### PROBLEM TO WORK ON
It is required that all of the data be written out exactly.

[Extracted data entries]
-------

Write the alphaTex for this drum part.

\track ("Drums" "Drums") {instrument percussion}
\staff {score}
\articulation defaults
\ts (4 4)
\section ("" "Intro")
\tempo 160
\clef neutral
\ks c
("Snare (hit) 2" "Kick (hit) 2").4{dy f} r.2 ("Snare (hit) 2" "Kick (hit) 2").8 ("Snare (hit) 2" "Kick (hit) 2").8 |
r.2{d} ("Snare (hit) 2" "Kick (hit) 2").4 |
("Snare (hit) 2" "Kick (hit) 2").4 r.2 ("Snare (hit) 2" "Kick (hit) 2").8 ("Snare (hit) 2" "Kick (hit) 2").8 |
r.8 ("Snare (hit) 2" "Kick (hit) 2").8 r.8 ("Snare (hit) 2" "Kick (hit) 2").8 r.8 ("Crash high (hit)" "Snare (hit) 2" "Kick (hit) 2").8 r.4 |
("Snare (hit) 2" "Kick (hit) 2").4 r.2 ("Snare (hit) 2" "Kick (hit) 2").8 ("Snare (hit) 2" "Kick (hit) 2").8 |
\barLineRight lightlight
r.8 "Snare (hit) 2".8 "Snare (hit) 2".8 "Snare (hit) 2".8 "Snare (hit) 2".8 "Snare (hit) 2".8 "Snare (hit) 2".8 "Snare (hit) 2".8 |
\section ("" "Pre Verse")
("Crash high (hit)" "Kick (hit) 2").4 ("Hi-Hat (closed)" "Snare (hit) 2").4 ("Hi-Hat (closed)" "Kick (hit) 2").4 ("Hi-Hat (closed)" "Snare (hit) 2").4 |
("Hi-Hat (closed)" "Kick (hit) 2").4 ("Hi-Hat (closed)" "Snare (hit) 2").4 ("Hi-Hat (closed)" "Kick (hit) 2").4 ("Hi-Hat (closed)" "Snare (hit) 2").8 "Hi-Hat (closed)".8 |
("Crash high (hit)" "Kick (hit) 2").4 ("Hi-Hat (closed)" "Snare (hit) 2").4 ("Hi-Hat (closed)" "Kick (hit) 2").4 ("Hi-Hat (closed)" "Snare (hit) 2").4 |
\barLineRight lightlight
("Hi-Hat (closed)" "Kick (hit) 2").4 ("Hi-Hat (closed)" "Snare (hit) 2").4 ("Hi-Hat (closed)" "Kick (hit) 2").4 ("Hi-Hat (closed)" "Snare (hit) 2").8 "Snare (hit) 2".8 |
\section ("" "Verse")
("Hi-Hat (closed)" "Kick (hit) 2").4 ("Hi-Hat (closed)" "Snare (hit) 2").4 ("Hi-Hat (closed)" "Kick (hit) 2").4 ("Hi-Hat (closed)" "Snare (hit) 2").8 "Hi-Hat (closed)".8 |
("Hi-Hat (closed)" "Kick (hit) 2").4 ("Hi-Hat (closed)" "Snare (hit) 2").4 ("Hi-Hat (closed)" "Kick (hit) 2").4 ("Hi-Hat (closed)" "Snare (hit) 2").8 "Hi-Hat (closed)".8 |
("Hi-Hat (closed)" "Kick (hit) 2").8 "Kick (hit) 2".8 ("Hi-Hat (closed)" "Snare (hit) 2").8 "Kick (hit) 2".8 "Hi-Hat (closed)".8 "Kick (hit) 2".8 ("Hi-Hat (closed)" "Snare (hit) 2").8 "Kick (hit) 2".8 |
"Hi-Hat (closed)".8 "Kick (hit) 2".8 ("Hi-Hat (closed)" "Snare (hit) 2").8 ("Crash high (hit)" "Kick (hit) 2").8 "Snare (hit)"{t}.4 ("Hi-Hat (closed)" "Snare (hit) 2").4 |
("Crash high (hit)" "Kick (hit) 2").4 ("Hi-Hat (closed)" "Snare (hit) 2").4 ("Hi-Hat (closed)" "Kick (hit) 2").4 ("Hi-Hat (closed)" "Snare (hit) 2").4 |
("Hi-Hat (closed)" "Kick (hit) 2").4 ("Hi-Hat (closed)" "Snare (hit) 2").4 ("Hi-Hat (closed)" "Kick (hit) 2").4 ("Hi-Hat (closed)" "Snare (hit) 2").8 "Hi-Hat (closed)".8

-------

### OUTPUT BELOW
Write the alphaTex for this drum part.

\track ("Drums" "Drums") {instrument percussion}
\staff {score}
\articulation defaults
\ts (4 4)
\section ("" "Intro")
\tempo 160
\clef neutral
\ks c
("Snare (hit) 2" "Kick (hit) 2").4{dy f} r.2 ("Snare (hit) 2" "Kick (hit) 2").8 ("Snare (hit) 2" "Kick (hit) 2").8 |
r.2{d} ("Snare (hit) 2" "Kick (hit) 2").4 |
("Snare (hit) 2" "Kick (hit) 2").4 r.2 ("Snare (hit) 2" "Kick (hit) 2").8 ("Snare (hit) 2" "Kick (hit) 2").8 |
r.8 ("Snare (hit) 2" "Kick (hit) 2").8 r.8 ("Snare (hit) 2" "Kick (hit) 2").8 r.8 ("Crash high (hit)" "Snare (hit) 2" "Kick (hit) 2").8 r.4 |
("Snare (hit) 2" "Kick (hit) 2").4 r.2 ("Snare (hit) 2" "Kick (hit) 2").8 ("Snare (hit) 2" "Kick (hit) 2").8 |
\barLineRight lightlight
r.8 "Snare (hit) 2".8 "Snare (hit) 2".8 "Snare (hit) 2".8 "Snare (hit) 2".8 "Snare (hit) 2".8 "Snare (hit) 2".8 "Snare (hit) 2".8 |
\section ("" "Pre Verse")
("Crash high (hit)" "Kick (hit) 2").4 ("Hi-Hat (closed)" "Snare (hit) 2").4 ("Hi-Hat (closed)" "Kick (hit) 2").4 ("Hi-Hat (closed)" "Snare (hit) 2").4 |
("Hi-Hat (closed)" "Kick (hit) 2").4 ("Hi-Hat (closed)" "Snare (hit) 2").4 ("Hi-Hat (closed)" "Kick (hit) 2").4 ("Hi-Hat (closed)" "Snare (hit) 2").8 "Hi-Hat (closed)".8 |
("Crash high (hit)" "Kick (hit) 2").4 ("Hi-Hat (closed)" "Snare (hit) 2").4 ("Hi-Hat (closed)" "Kick (hit) 2").4 ("Hi-Hat (closed)" "Snare (hit) 2").4 |
\barLineRight lightlight
("Hi-Hat (closed)" "Kick (hit) 2").4 ("Hi-Hat (closed)" "Snare (hit) 2").4 ("Hi-Hat (closed)" "Kick (hit) 2").4 ("Hi-Hat (closed)" "Snare (hit) 2").8 "Snare (hit) 2".8 |
\section ("" "Verse")
("Hi-Hat (closed)" "Kick (hit) 2").4 ("Hi-Hat (closed)" "Snare (hit) 2").4 ("Hi-Hat (closed)" "Kick (hit) 2").4 ("Hi-Hat (closed)" "Snare (hit) 2").8 "Hi-Hat (closed)".8 |
("Hi-Hat (closed)" "Kick (hit) 2").4 ("Hi-Hat (closed)" "Snare (hit) 2").4 ("Hi-Hat (closed)" "Kick (hit) 2").4 ("Hi-Hat (closed)" "Snare (hit) 2").8 "Hi-Hat (closed)".8 |
("Hi-Hat (closed)" "Kick (hit) 2").8 "Kick (hit) 2".8 ("Hi-Hat (closed)" "Snare (hit) 2").8 "Kick (hit) 2".8 "Hi-Hat (closed)".8 "Kick (hit) 2".8 ("Hi-Hat (closed)" "Snare (hit) 2").8 "Kick (hit) 2".8 |
"Hi-Hat (closed)".8 "Kick (hit) 2".8 ("Hi-Hat (closed)" "Snare (hit) 2").8 ("Crash high (hit)" "Kick (hit) 2").8 "Snare (hit)"{t}.4 ("Hi-Hat (closed)" "Snare (hit) 2").4 |
("Crash high (hit)" "Kick (hit) 2").4 ("Hi-Hat (closed)" "Snare (hit) 2").4 ("Hi-Hat (closed)" "Kick (hit) 2").4 ("Hi-Hat (closed)" "Snare (hit) 2").4 |
("Hi-Hat (closed)" "Kick (hit) 2").4 ("Hi-Hat (closed)" "Snare (hit) 2").4 ("Hi-Hat (closed)" "Kick (hit) 2").4 ("Hi-Hat (closed)" "Snare (hit) 2").8 "Hi-Hat (closed)".8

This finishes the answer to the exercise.